[[ Record set, beginning ]]

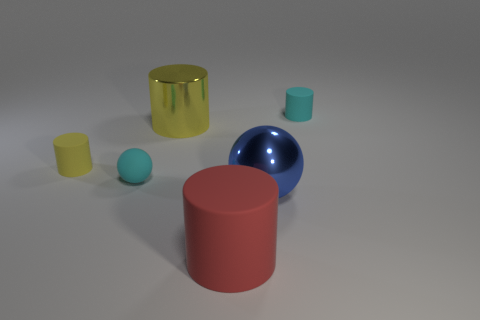Do the tiny object to the right of the big matte cylinder and the tiny sphere have the same color?
Keep it short and to the point. Yes. There is a cyan matte sphere in front of the metal thing behind the yellow rubber cylinder; how big is it?
Provide a short and direct response. Small. What material is the other cylinder that is the same size as the metal cylinder?
Keep it short and to the point. Rubber. How many other things are there of the same size as the blue metal thing?
Offer a terse response. 2. What number of cylinders are shiny things or small yellow matte objects?
Your answer should be very brief. 2. What material is the small cylinder behind the large metal object behind the cylinder that is left of the cyan sphere made of?
Make the answer very short. Rubber. What number of big spheres are the same material as the small ball?
Provide a succinct answer. 0. Do the cyan rubber object that is in front of the shiny cylinder and the big red object have the same size?
Offer a very short reply. No. There is a big cylinder that is the same material as the cyan sphere; what is its color?
Provide a short and direct response. Red. There is a blue metal object; what number of cylinders are in front of it?
Give a very brief answer. 1. 
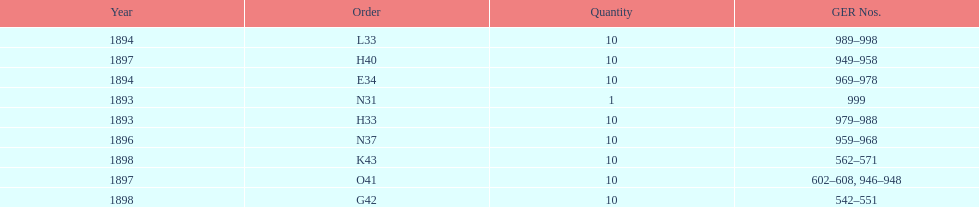What is the order of the last year listed? K43. 
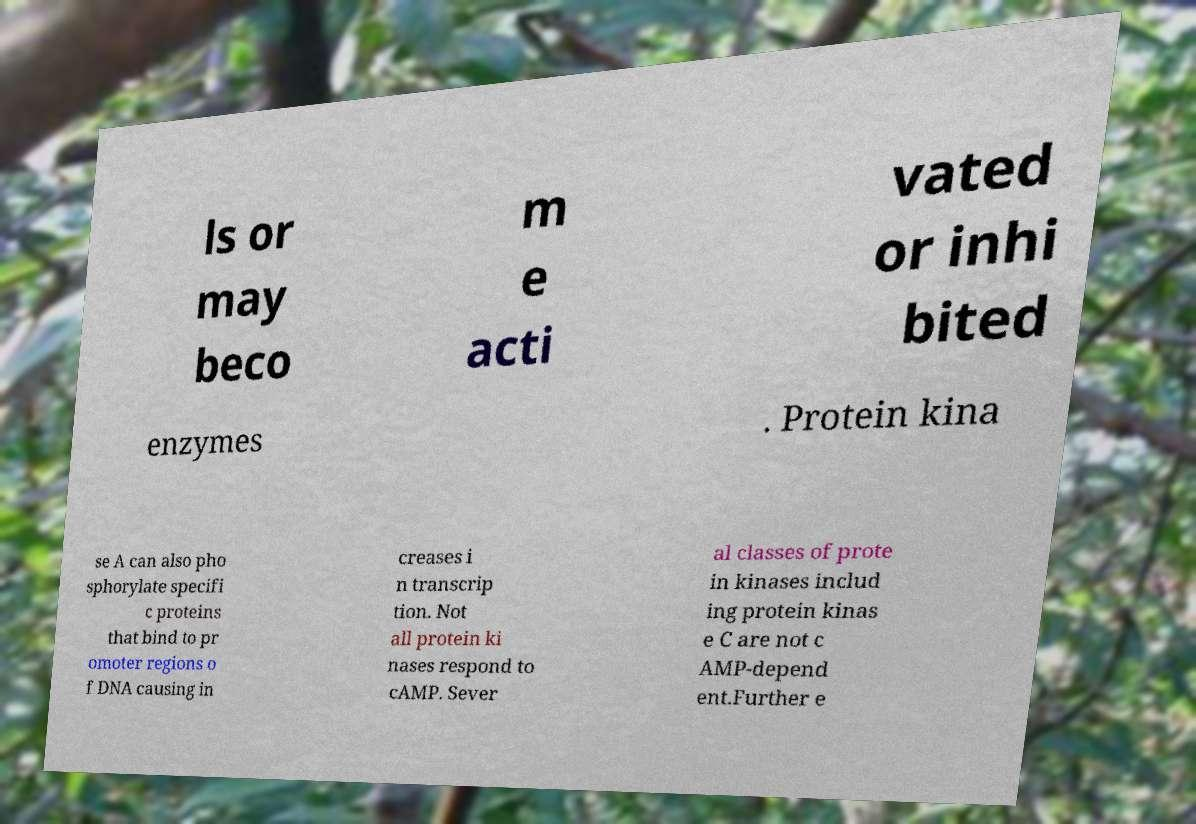I need the written content from this picture converted into text. Can you do that? ls or may beco m e acti vated or inhi bited enzymes . Protein kina se A can also pho sphorylate specifi c proteins that bind to pr omoter regions o f DNA causing in creases i n transcrip tion. Not all protein ki nases respond to cAMP. Sever al classes of prote in kinases includ ing protein kinas e C are not c AMP-depend ent.Further e 
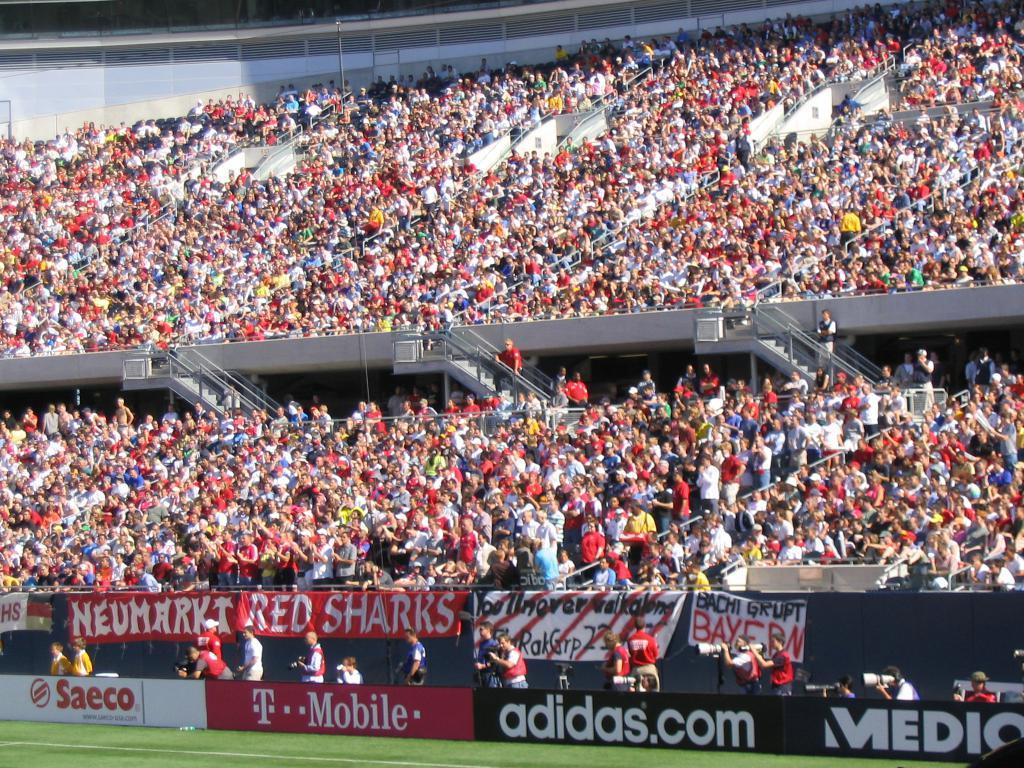In one or two sentences, can you explain what this image depicts? In this picture we can see the ground and in the background we can see an advertisement board, banners, people, staircases and some objects. 
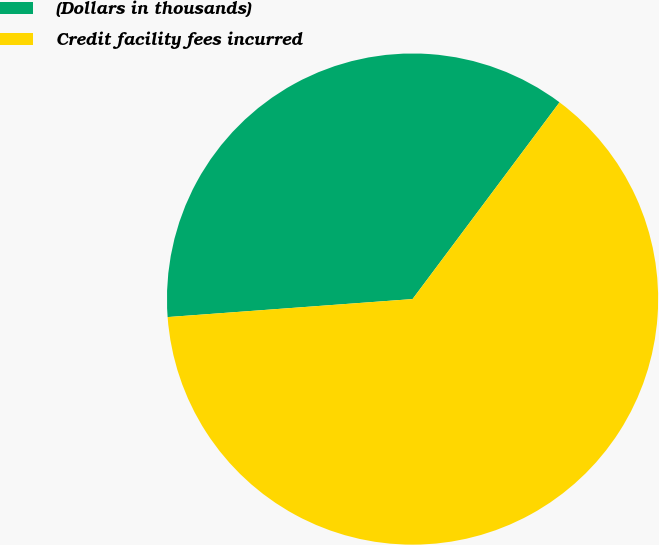Convert chart. <chart><loc_0><loc_0><loc_500><loc_500><pie_chart><fcel>(Dollars in thousands)<fcel>Credit facility fees incurred<nl><fcel>36.38%<fcel>63.62%<nl></chart>

[[ Record set, end ]]

## What you need to do:
Output only the lines from the one that contains "I need the written" to the end of the entries above, both end lines included, and drop the pictures.

## Task answer:
I need the written content from this picture converted into text. Can you do that? ls or may beco m e acti vated or inhi bited enzymes . Protein kina se A can also pho sphorylate specifi c proteins that bind to pr omoter regions o f DNA causing in creases i n transcrip tion. Not all protein ki nases respond to cAMP. Sever al classes of prote in kinases includ ing protein kinas e C are not c AMP-depend ent.Further e 
In one or two sentences, can you explain what this image depicts? In this picture we can see the ground and in the background we can see an advertisement board, banners, people, staircases and some objects. 
Convert chart. <chart><loc_0><loc_0><loc_500><loc_500><pie_chart><fcel>(Dollars in thousands)<fcel>Credit facility fees incurred<nl><fcel>36.38%<fcel>63.62%<nl></chart>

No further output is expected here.